● **PROBLEM REQUIREMENTS**
Beginning with the line below that contains "Output: a minified" and ending with the line that contains "#1 car (1218,550,1404,643)", copy every line exactly. Copy nothing else.

● **DATA FOR ANALYSIS**
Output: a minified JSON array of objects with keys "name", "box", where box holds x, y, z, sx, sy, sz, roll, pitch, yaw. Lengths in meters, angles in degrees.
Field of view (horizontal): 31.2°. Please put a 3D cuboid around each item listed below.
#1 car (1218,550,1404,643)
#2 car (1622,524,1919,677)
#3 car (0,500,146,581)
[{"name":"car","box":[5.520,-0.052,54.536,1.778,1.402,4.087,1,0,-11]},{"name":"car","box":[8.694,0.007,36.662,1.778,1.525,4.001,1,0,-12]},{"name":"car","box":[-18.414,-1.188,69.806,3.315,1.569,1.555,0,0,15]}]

...

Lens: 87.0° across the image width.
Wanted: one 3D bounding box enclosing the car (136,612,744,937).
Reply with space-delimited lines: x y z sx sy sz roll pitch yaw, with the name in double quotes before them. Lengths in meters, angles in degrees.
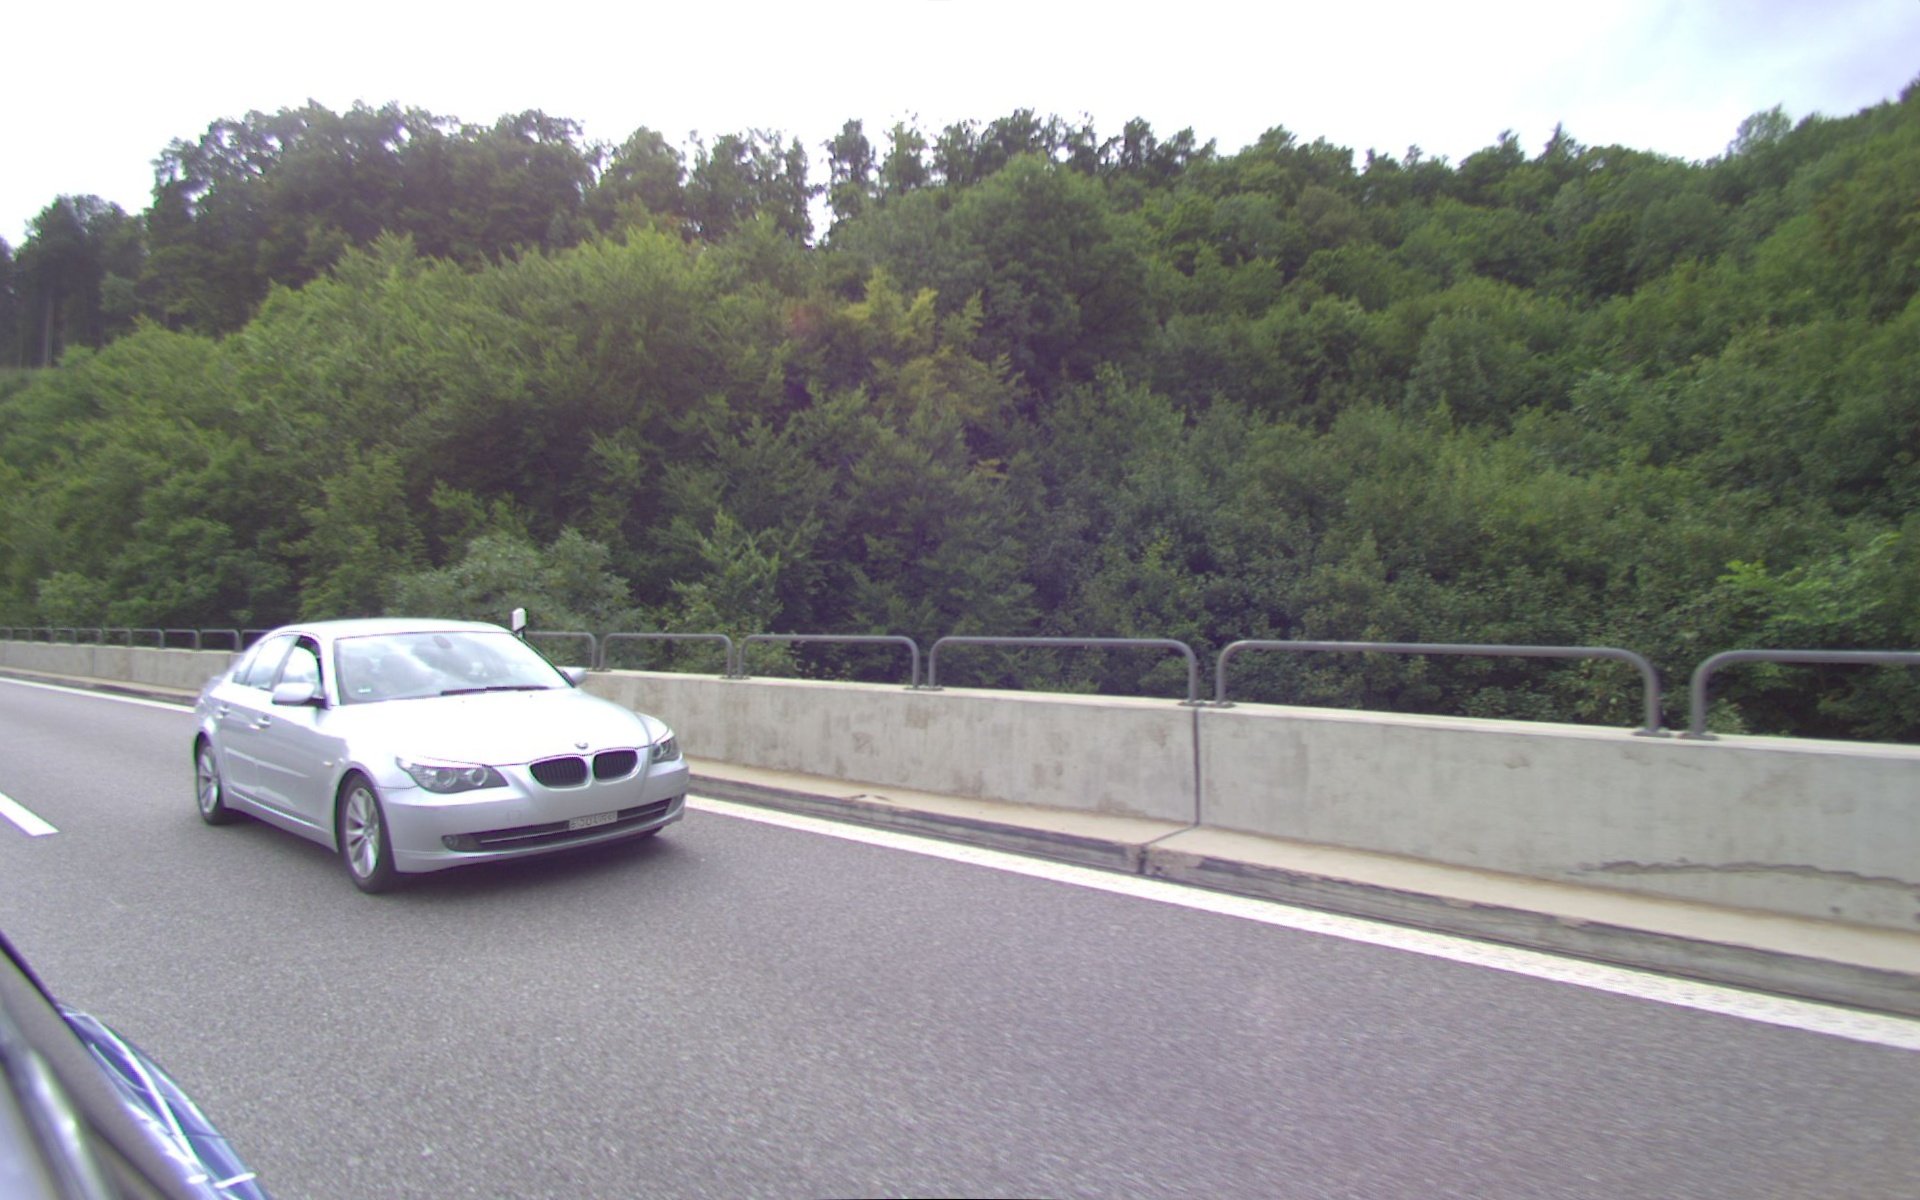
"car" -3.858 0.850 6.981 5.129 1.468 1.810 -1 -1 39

● **RESPONSE**
Output: a minified JSON array of objects with keys "name", "box", where box holds x, y, z, sx, sy, sz, roll, pitch, yaw. Lengths in meters, angles in degrees.
Field of view (horizontal): 31.2°. Please put a 3D cuboid around each item listed below.
#1 car (1218,550,1404,643)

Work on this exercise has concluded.